El Decreto Supremo 5503 promulgado el 17 de diciembre constituye un paquetazo de ajuste económico regresivo que transfiere el costo de la crisis a las mayorías trabajadoras mediante el fuerte incremento de los combustibles, la liberación de exportaciones y una mayor carga impositiva sobre pequeños emprendimientos, mientras beneficia al gran empresariado con exenciones, flexibilización normativa y ventajas comerciales.
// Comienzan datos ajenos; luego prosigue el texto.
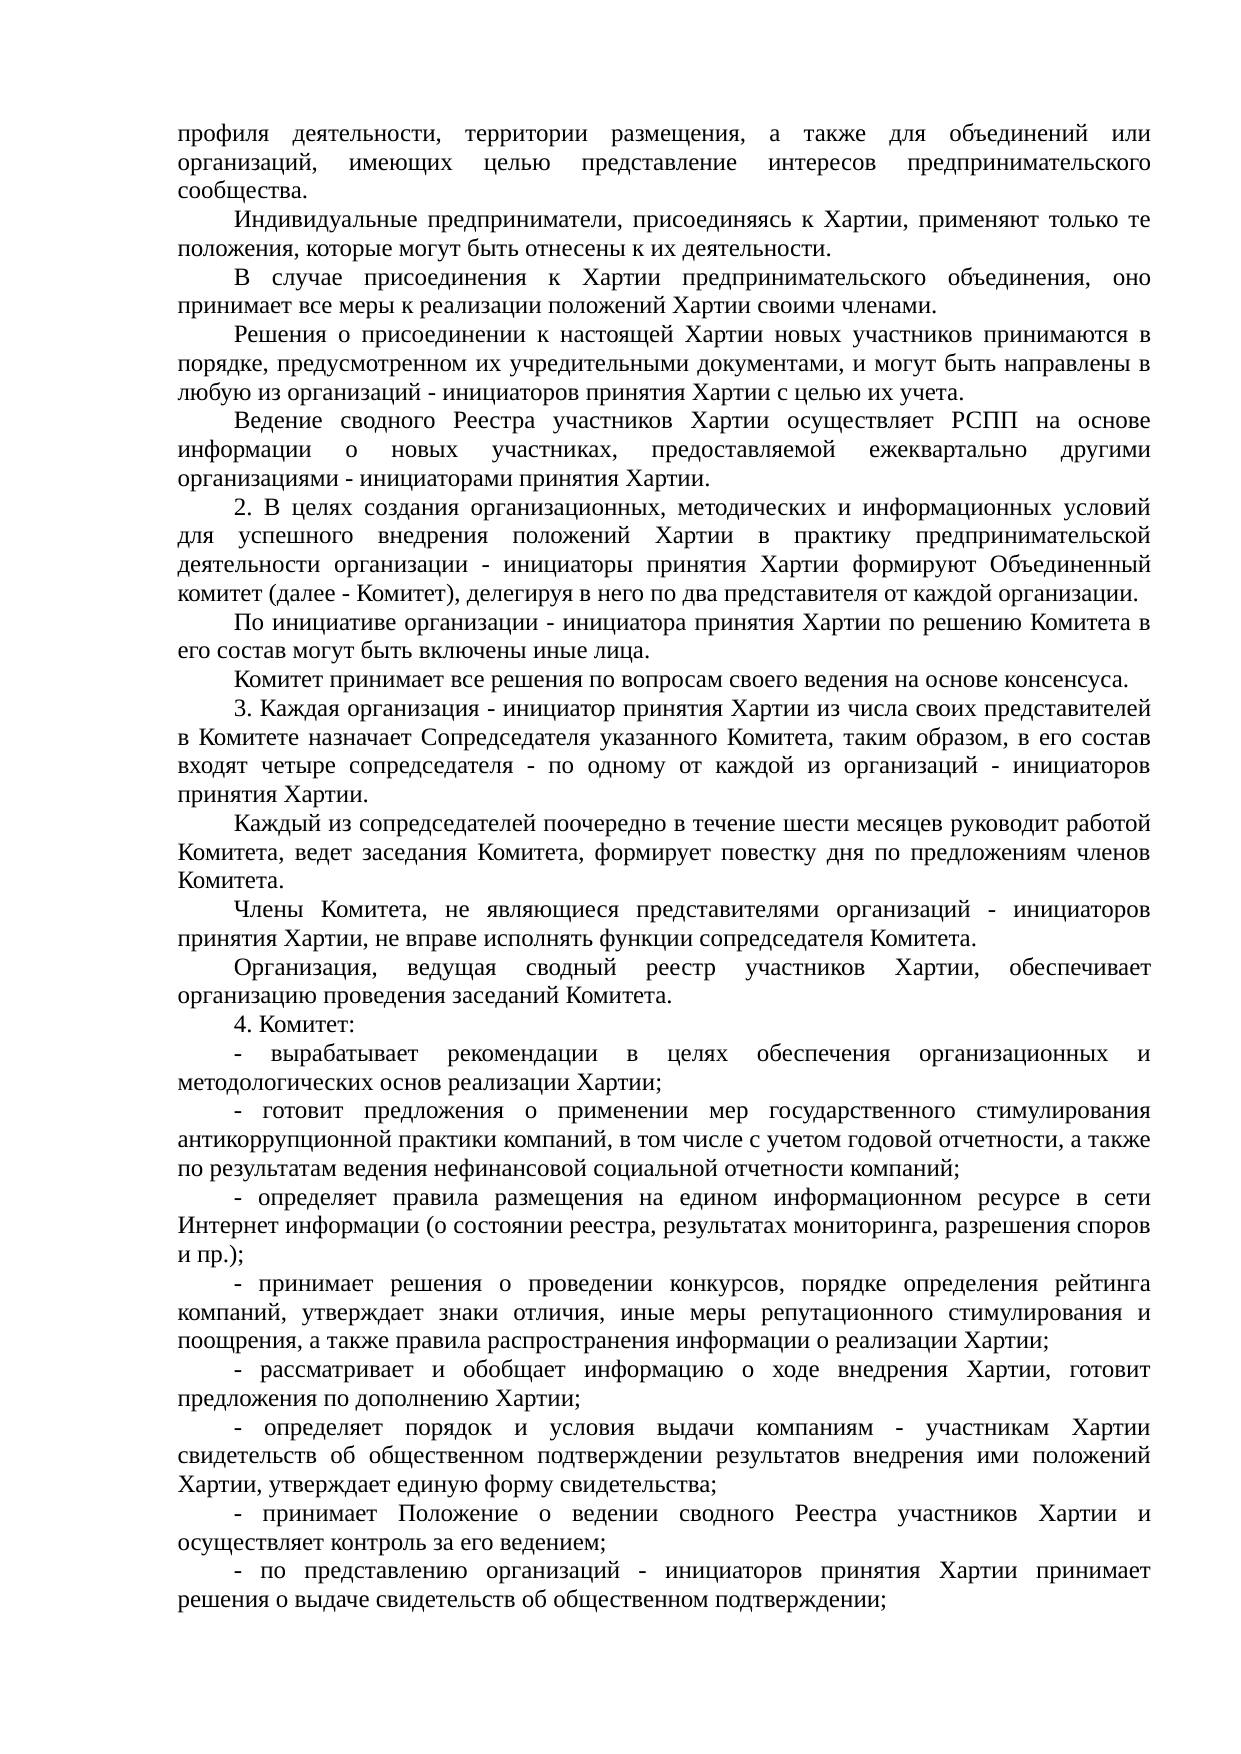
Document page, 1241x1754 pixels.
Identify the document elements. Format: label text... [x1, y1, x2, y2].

Al mismo tiempo, abre la puerta a la privatización de sectores estratégicos mediante el “fast track”, debilita al Estado y vulnera principios constitucionales, profundizando la precarización laboral y el encarecimiento de la canasta básica, lo que vuelve urgente una respuesta organizada e independiente de la clase trabajadora para que la crisis la paguen los capitalistas y no el pueblo.
20 de diciembre de 2025
El Decreto Supremo 5503, no sólo “levanta la subvención” a los hidrocarburos, sino que aplica un paquete de medidas económicas que cargan el peso del ajuste económico sobre las espaldas de las mayorías trabajadoras, mientras establece ventajas comerciales e impositivas para los grandes empresarios. El D.S. 5503, en los hechos es una versión recargada del histórico D.S. 21.060, que abre las puertas con el mecanismo “fast track” a la privatización de sectores estratégicos de la economía nacional, mientras el costo de combustibles se incrementa.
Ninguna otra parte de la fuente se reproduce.